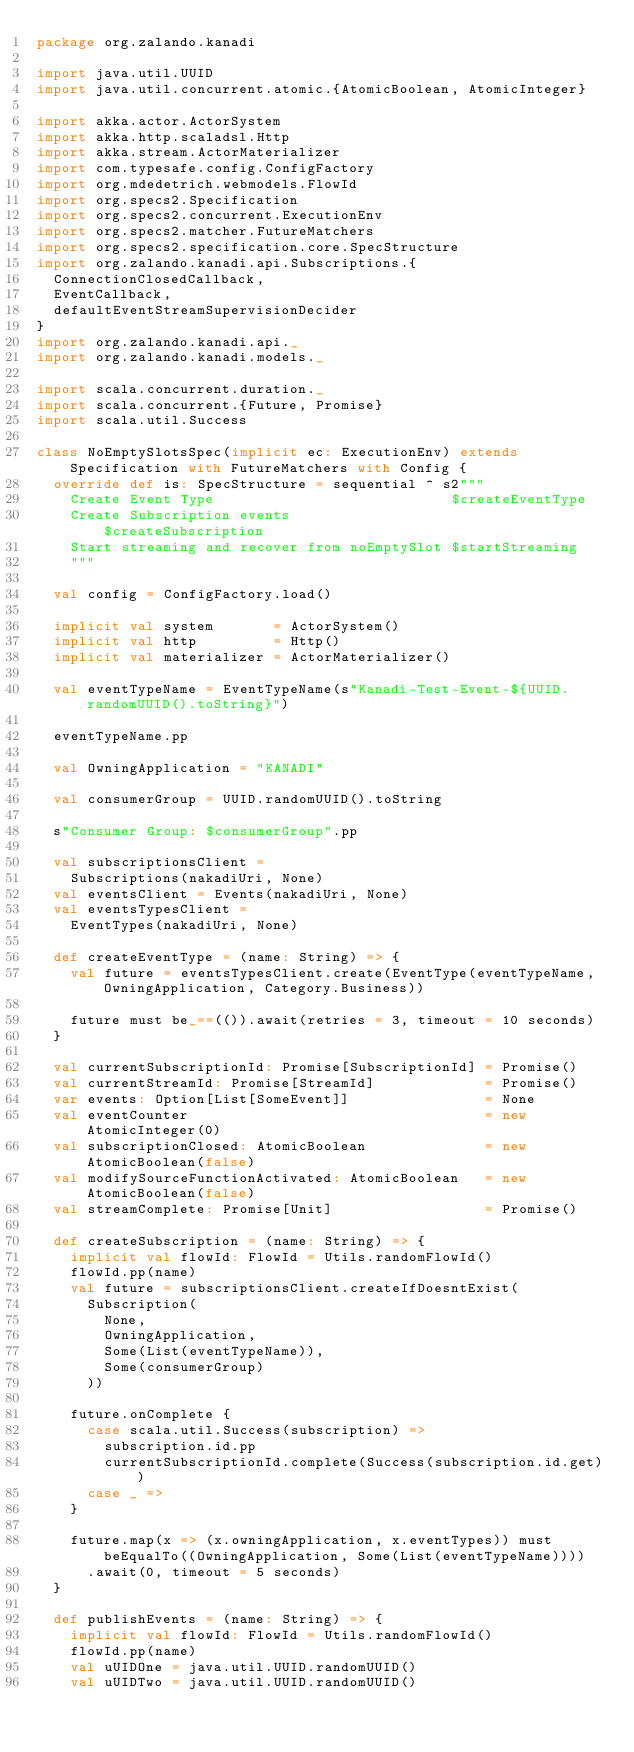Convert code to text. <code><loc_0><loc_0><loc_500><loc_500><_Scala_>package org.zalando.kanadi

import java.util.UUID
import java.util.concurrent.atomic.{AtomicBoolean, AtomicInteger}

import akka.actor.ActorSystem
import akka.http.scaladsl.Http
import akka.stream.ActorMaterializer
import com.typesafe.config.ConfigFactory
import org.mdedetrich.webmodels.FlowId
import org.specs2.Specification
import org.specs2.concurrent.ExecutionEnv
import org.specs2.matcher.FutureMatchers
import org.specs2.specification.core.SpecStructure
import org.zalando.kanadi.api.Subscriptions.{
  ConnectionClosedCallback,
  EventCallback,
  defaultEventStreamSupervisionDecider
}
import org.zalando.kanadi.api._
import org.zalando.kanadi.models._

import scala.concurrent.duration._
import scala.concurrent.{Future, Promise}
import scala.util.Success

class NoEmptySlotsSpec(implicit ec: ExecutionEnv) extends Specification with FutureMatchers with Config {
  override def is: SpecStructure = sequential ^ s2"""
    Create Event Type                            $createEventType
    Create Subscription events                   $createSubscription
    Start streaming and recover from noEmptySlot $startStreaming
    """

  val config = ConfigFactory.load()

  implicit val system       = ActorSystem()
  implicit val http         = Http()
  implicit val materializer = ActorMaterializer()

  val eventTypeName = EventTypeName(s"Kanadi-Test-Event-${UUID.randomUUID().toString}")

  eventTypeName.pp

  val OwningApplication = "KANADI"

  val consumerGroup = UUID.randomUUID().toString

  s"Consumer Group: $consumerGroup".pp

  val subscriptionsClient =
    Subscriptions(nakadiUri, None)
  val eventsClient = Events(nakadiUri, None)
  val eventsTypesClient =
    EventTypes(nakadiUri, None)

  def createEventType = (name: String) => {
    val future = eventsTypesClient.create(EventType(eventTypeName, OwningApplication, Category.Business))

    future must be_==(()).await(retries = 3, timeout = 10 seconds)
  }

  val currentSubscriptionId: Promise[SubscriptionId] = Promise()
  val currentStreamId: Promise[StreamId]             = Promise()
  var events: Option[List[SomeEvent]]                = None
  val eventCounter                                   = new AtomicInteger(0)
  val subscriptionClosed: AtomicBoolean              = new AtomicBoolean(false)
  val modifySourceFunctionActivated: AtomicBoolean   = new AtomicBoolean(false)
  val streamComplete: Promise[Unit]                  = Promise()

  def createSubscription = (name: String) => {
    implicit val flowId: FlowId = Utils.randomFlowId()
    flowId.pp(name)
    val future = subscriptionsClient.createIfDoesntExist(
      Subscription(
        None,
        OwningApplication,
        Some(List(eventTypeName)),
        Some(consumerGroup)
      ))

    future.onComplete {
      case scala.util.Success(subscription) =>
        subscription.id.pp
        currentSubscriptionId.complete(Success(subscription.id.get))
      case _ =>
    }

    future.map(x => (x.owningApplication, x.eventTypes)) must beEqualTo((OwningApplication, Some(List(eventTypeName))))
      .await(0, timeout = 5 seconds)
  }

  def publishEvents = (name: String) => {
    implicit val flowId: FlowId = Utils.randomFlowId()
    flowId.pp(name)
    val uUIDOne = java.util.UUID.randomUUID()
    val uUIDTwo = java.util.UUID.randomUUID()
</code>
+---+
Which of the lines in the data hold the string "ActorMaterializer"? Report each of them by copying it.

▸ **SOLUTION FOR THIS TASK**
import akka.stream.ActorMaterializer
  implicit val materializer = ActorMaterializer()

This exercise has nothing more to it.